[Dataset entries]
/---

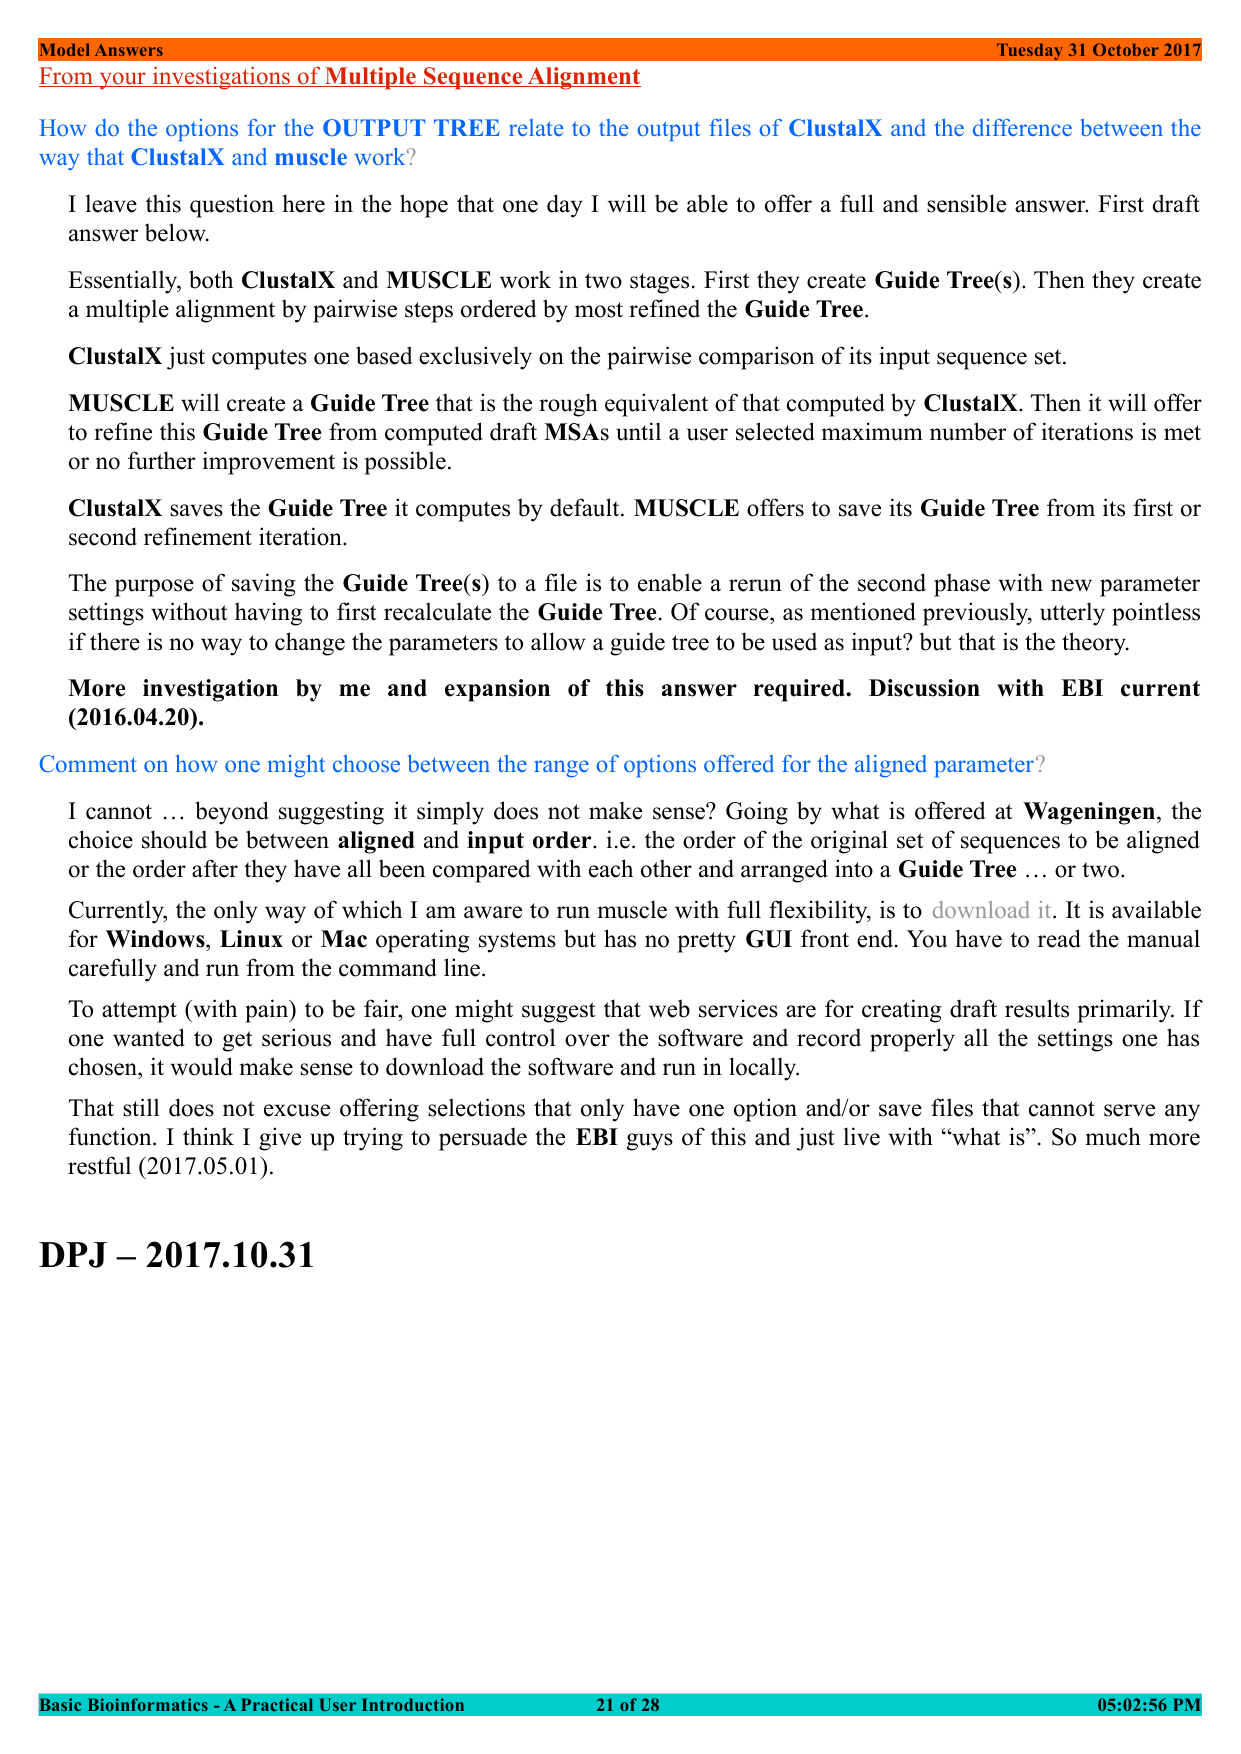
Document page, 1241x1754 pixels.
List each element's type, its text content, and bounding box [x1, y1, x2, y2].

text The purpose of saving the Guide Tree(s) to a file is to enable a rerun of the second phase with new parameter settings without having to first recalculate the Guide Tree. Of course, as mentioned previously, utterly pointless if there is no way to change the parameters to allow a guide tree to be used as input? but that is the theory. [68, 568, 1202, 655]
text Comment on how one might choose between the range of options offered for the aligned parameter? [38, 749, 1202, 778]
text To attempt (with pain) to be fair, one might suggest that web services are for creating draft results primarily. If one wanted to get serious and have full control over the software and record properly all the settings one has chosen, it would make sense to download the software and run in locally. [68, 994, 1202, 1081]
text I leave this question here in the hope that one day I will be able to offer a full and sensible answer. First draft answer below. [68, 189, 1202, 247]
text ClustalX saves the Guide Tree it computes by default. MUSCLE offers to save its Guide Tree from its first or second refinement iteration. [68, 492, 1202, 551]
text ClustalX just computes one based exclusively on the pairwise comparison of its input sequence set. [68, 341, 1202, 370]
text From your investigations of Multiple Sequence Alignment [38, 61, 1202, 89]
text I cannot … beyond suggesting it simply does not make sense? Going by what is offered at Wageningen, the choice should be between aligned and input order. i.e. the order of the original set of sequences to be aligned or the order after they have all been compared with each other and arranged into a Guide Tree … or two. [68, 796, 1202, 883]
text Currently, the only way of which I am aware to run muscle with full flexibility, is to download it. It is available for Windows, Linux or Mac operating systems but has no pretty GUI front end. You have to read the manual carefully and run from the command line. [68, 895, 1202, 982]
text MUSCLE will create a Guide Tree that is the rough equivalent of that computed by ClustalX. Then it will offer to refine this Guide Tree from computed draft MSAs until a user selected maximum number of iterations is met or no further improvement is possible. [68, 387, 1202, 475]
text Essentially, both ClustalX and MUSCLE work in two stages. First they create Guide Tree(s). Then they create a multiple alignment by pairwise steps ordered by most refined the Guide Tree. [68, 265, 1202, 323]
text More investigation by me and expansion of this answer required. Discussion with EBI current (2016.04.20). [68, 673, 1202, 731]
text DPJ – 2017.10.31 [38, 1232, 1202, 1275]
text How do the options for the OUTPUT TREE relate to the output files of ClustalX and the difference between the way that ClustalX and muscle work? [38, 113, 1202, 171]
text That still does not excuse offering selections that only have one option and/or save files that cannot serve any function. I think I give up trying to persuade the EBI guys of this and just live with “what is”. So much more restful (2017.05.01). [68, 1093, 1202, 1180]

\---

» **Exercise description**: Send back an exact copy of only the lines from the line with "text ClustalX saves" up to and including the line with "text I cannot" in the data above.

» **Response area**:
text ClustalX saves the Guide Tree it computes by default. MUSCLE offers to save its Guide Tree from its first or second refinement iteration. [68, 492, 1202, 551]
text ClustalX just computes one based exclusively on the pairwise comparison of its input sequence set. [68, 341, 1202, 370]
text From your investigations of Multiple Sequence Alignment [38, 61, 1202, 89]
text I cannot … beyond suggesting it simply does not make sense? Going by what is offered at Wageningen, the choice should be between aligned and input order. i.e. the order of the original set of sequences to be aligned or the order after they have all been compared with each other and arranged into a Guide Tree … or two. [68, 796, 1202, 883]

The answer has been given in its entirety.